[Stored data]
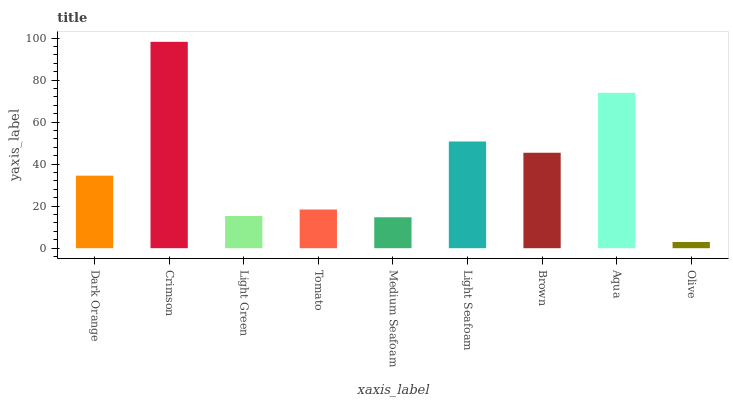Is Olive the minimum?
Answer yes or no. Yes. Is Crimson the maximum?
Answer yes or no. Yes. Is Light Green the minimum?
Answer yes or no. No. Is Light Green the maximum?
Answer yes or no. No. Is Crimson greater than Light Green?
Answer yes or no. Yes. Is Light Green less than Crimson?
Answer yes or no. Yes. Is Light Green greater than Crimson?
Answer yes or no. No. Is Crimson less than Light Green?
Answer yes or no. No. Is Dark Orange the high median?
Answer yes or no. Yes. Is Dark Orange the low median?
Answer yes or no. Yes. Is Brown the high median?
Answer yes or no. No. Is Aqua the low median?
Answer yes or no. No. 
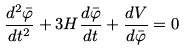Convert formula to latex. <formula><loc_0><loc_0><loc_500><loc_500>\frac { d ^ { 2 } \bar { \varphi } } { d t ^ { 2 } } + 3 H \frac { d \bar { \varphi } } { d t } + \frac { d V } { d \bar { \varphi } } = 0</formula> 
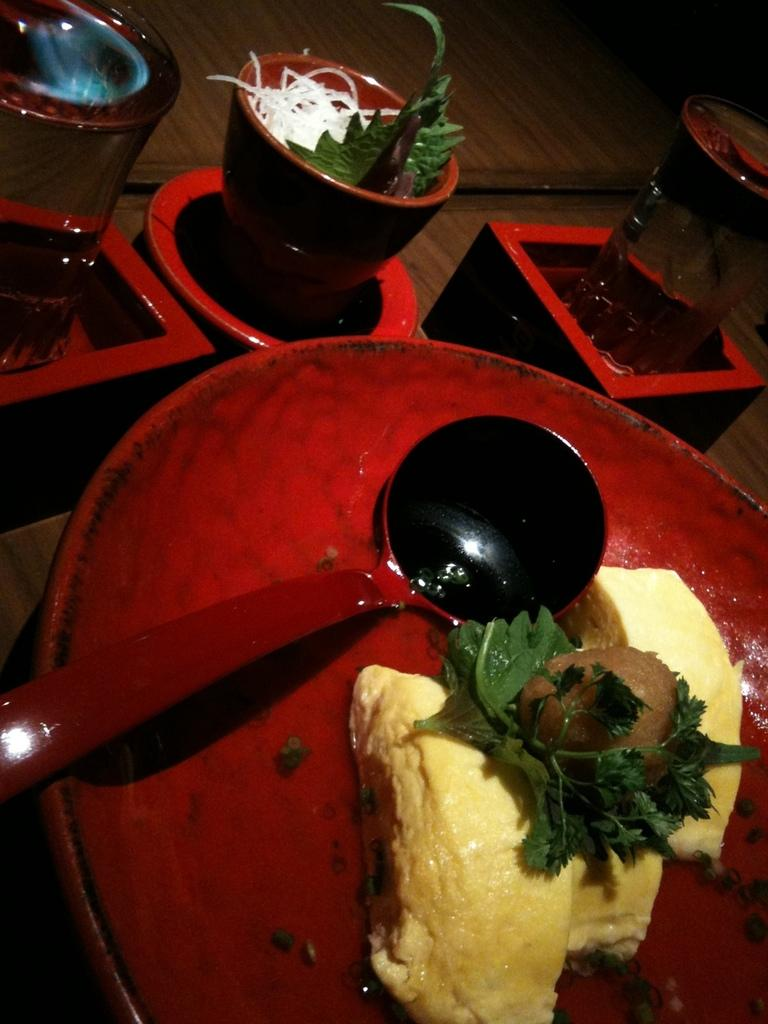What utensil can be seen in the image? There is a spoon in the image. What is the color of the plate that holds food items in the image? The plate that holds food items is red in color. What type of container is present in the image for holding liquids? There are cups in the image for holding liquids. What other objects can be seen on a surface in the image? There are other objects on a surface in the image, but their specific nature is not mentioned in the provided facts. What type of pet is sitting next to the minister in the image? There is no minister or pet present in the image. What type of scarecrow is visible in the image? There is no scarecrow present in the image.

> _PROBLEM_
An exact copy of the lines above, from the one containing "Answer yes or no. Yes. Is Light Green the" through the one containing "Answer yes or no. Yes. Is Brown", is the whole of the answer.

> _EXPECTED OUTPUT_
Answer yes or no. Yes. Is Light Green the minimum?
Answer yes or no. No. Is Light Green the maximum?
Answer yes or no. No. Is Crimson greater than Light Green?
Answer yes or no. Yes. Is Light Green less than Crimson?
Answer yes or no. Yes. Is Light Green greater than Crimson?
Answer yes or no. No. Is Crimson less than Light Green?
Answer yes or no. No. Is Dark Orange the high median?
Answer yes or no. Yes. Is Dark Orange the low median?
Answer yes or no. Yes. Is Brown the high median?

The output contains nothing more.